Navigating the Azure Networking Maze: 1 Flow, 2 Directions, 3 Metrics

Navigating the Azure Networking Maze: 1 Flow, 2 Directions, 3 Metrics
Photo by Priscilla Du Preez 🇨🇦 / Unsplash

As an infrastrucutre arhcitect, when setting up services in Azure, it is invitable that you will freqently need to conduct network testing. There are 1 flow, 2 directions and 3 metrics to consider.

1 Flow

Taking the 5-Tuple as an example

Source IP Source Port Destination IP Destination Port Protocol
1.1.1.1 1024 2.2.2.2 22 TCP

If the focus is on ICMP protocol testing tools (such as ping), more attention should be paid to Source IP / Destination IP only.

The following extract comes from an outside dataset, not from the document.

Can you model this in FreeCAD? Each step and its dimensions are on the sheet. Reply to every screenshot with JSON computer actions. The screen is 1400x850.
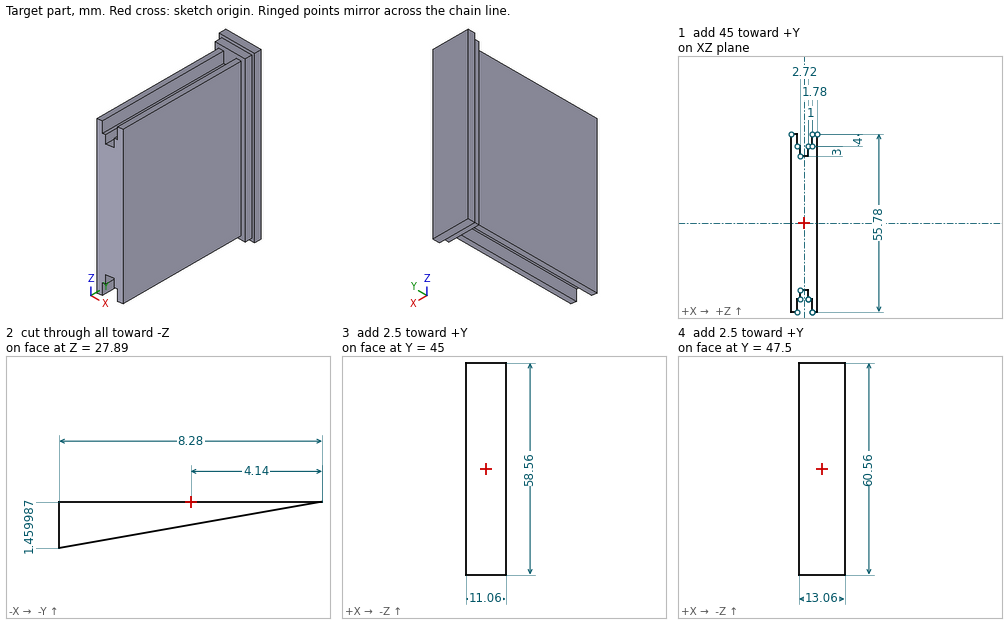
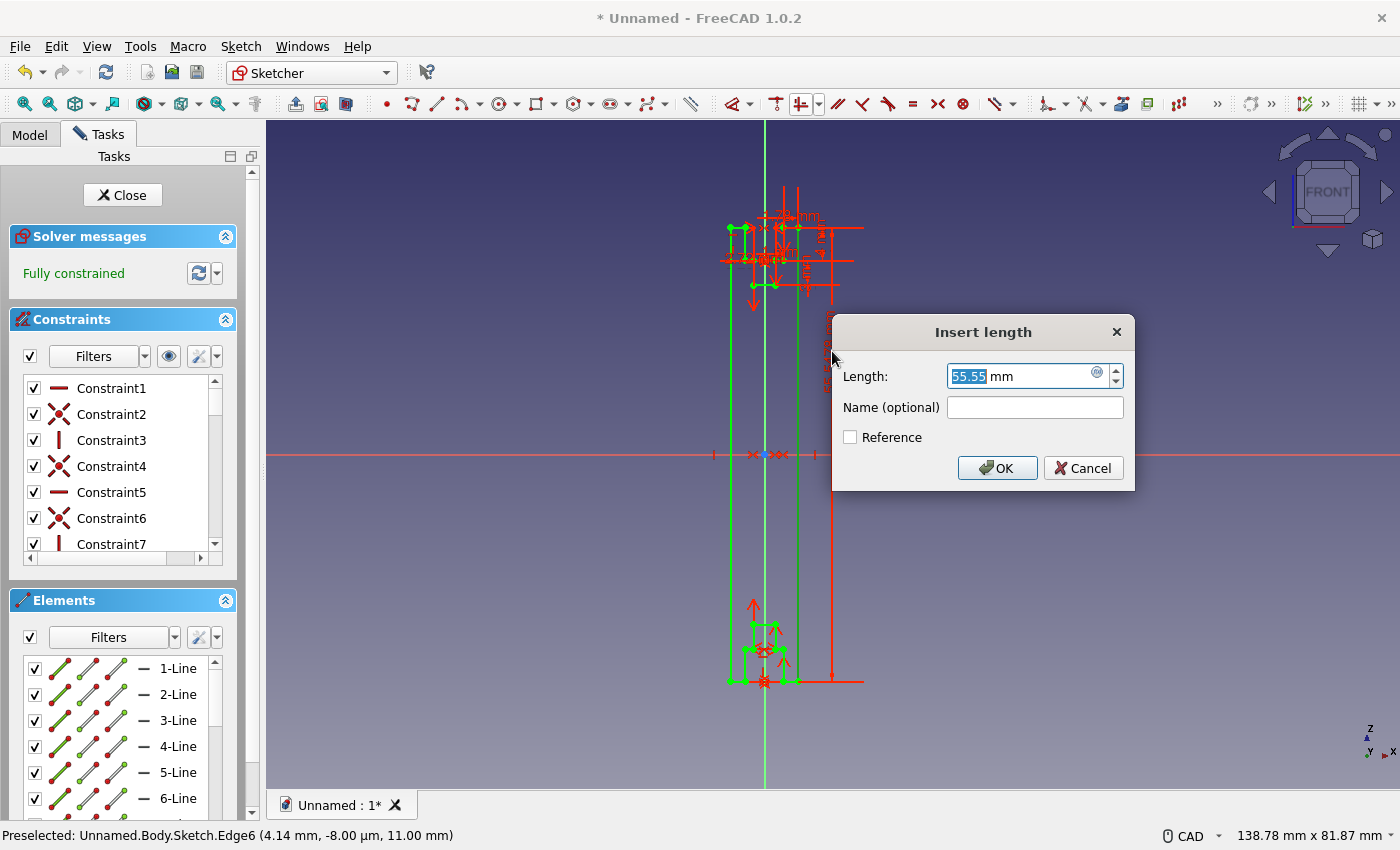
{"action": "type", "text": "55.78"}
{"action": "key", "text": "Return"}
{"action": "key", "text": "Escape"}

As long as ICMP is allowed through, these 2 piceses of information are sufficient for many network negineers to determine whether thenetwork is reachable.

mtr

If the focus is on TCP protocol testing tools (such as mtr / psping / tcpping), apart from paying attention to the Source IP and Destination IP, there will also be more focus on the Destination Port and Protocol. In Azure, you need to be very clear about the protocol you are using - TCP, UDP or ICMP? This could be the key to identifying the issue in certain specific situations.

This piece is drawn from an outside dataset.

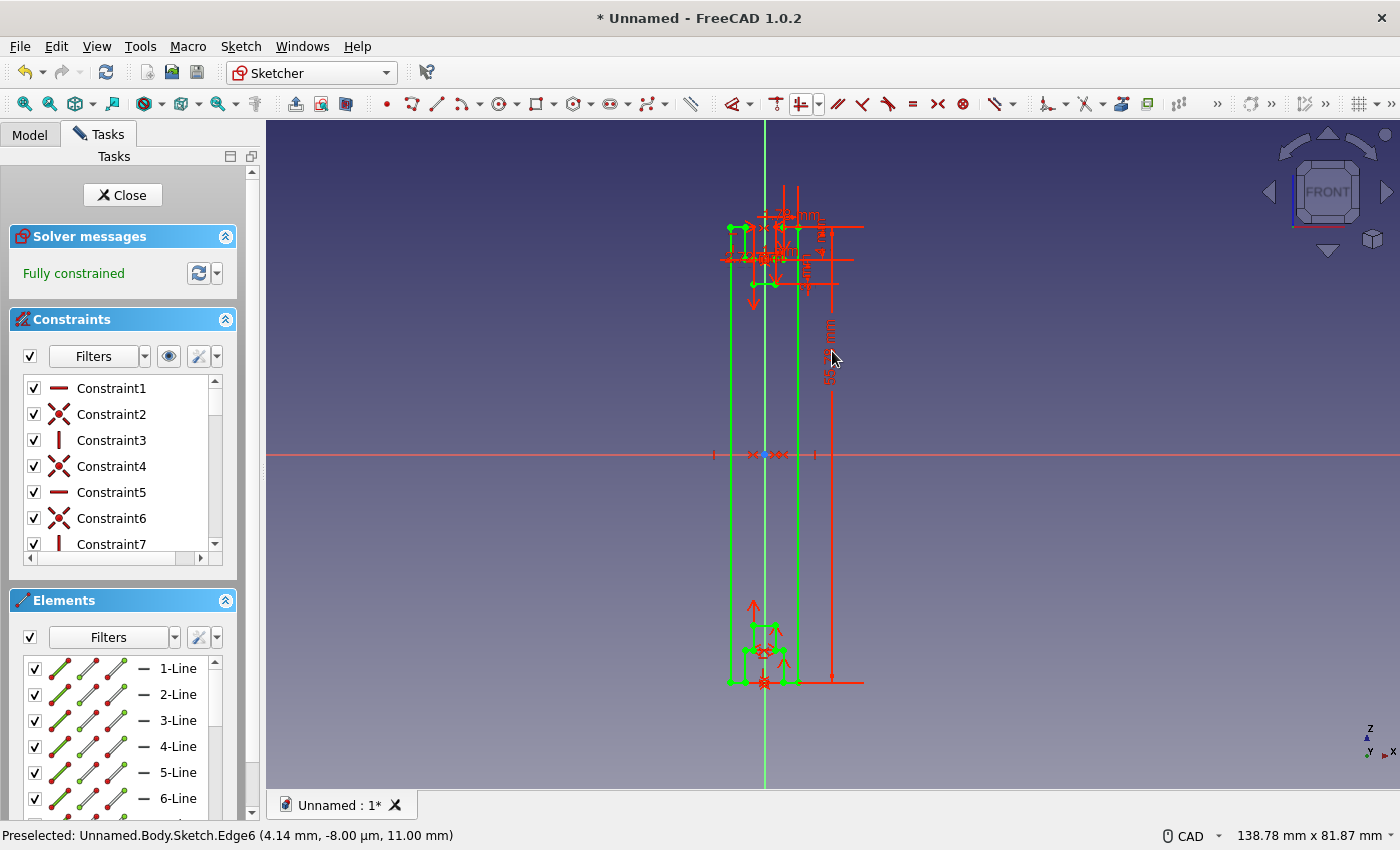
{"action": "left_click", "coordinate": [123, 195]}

Most of the time, you don't need to pay too much attention to the Source Port, but if one day you are troubleshooting a network with ECMP and encounter an abnormal router, you can adjust the Source Port incrementally (Port No. 1024 / 1025 /1026... ) to change hash value, leading to different outcomes. This allow you to ateempt redirecting traffic away from the suspicious path and cross-check which router is malfuncitoning. This is because the ECMP path algorithm primarily uses the 5-Tuple to ensure connection consistency.

2 Directions

In addtion to commonly configuring inbound traffic (destination -> source) and outbound traffic (source -> destination) setting for the Azure Firewall and Network Security Group (NSG), you also need to ensure that the routing remains symmertical.

example-network-security-group

As a cloud network engineer, apart from filling out firewall whitelist forms, most of the time is spent researching how to avoid issues caused by asymmetric routing in cross-border networks. It is possible that the path from the Source IP to the Destination IP is correct, but the reverse path is incorrect and detours to another place.

asymmetric routing

To resolve asymmetric routing, it is necessary to have a clear Source IP and Destination IP, along with route tables available for lookup along the path to ensure the root cause of incorrect routing is identified. This is an extremely challenging journey. If you also have services like firewall (e.g. Azure Firewall or Palo Alto NGFW) in the middle, the difficutly level will increase further because they are stateful firewalls.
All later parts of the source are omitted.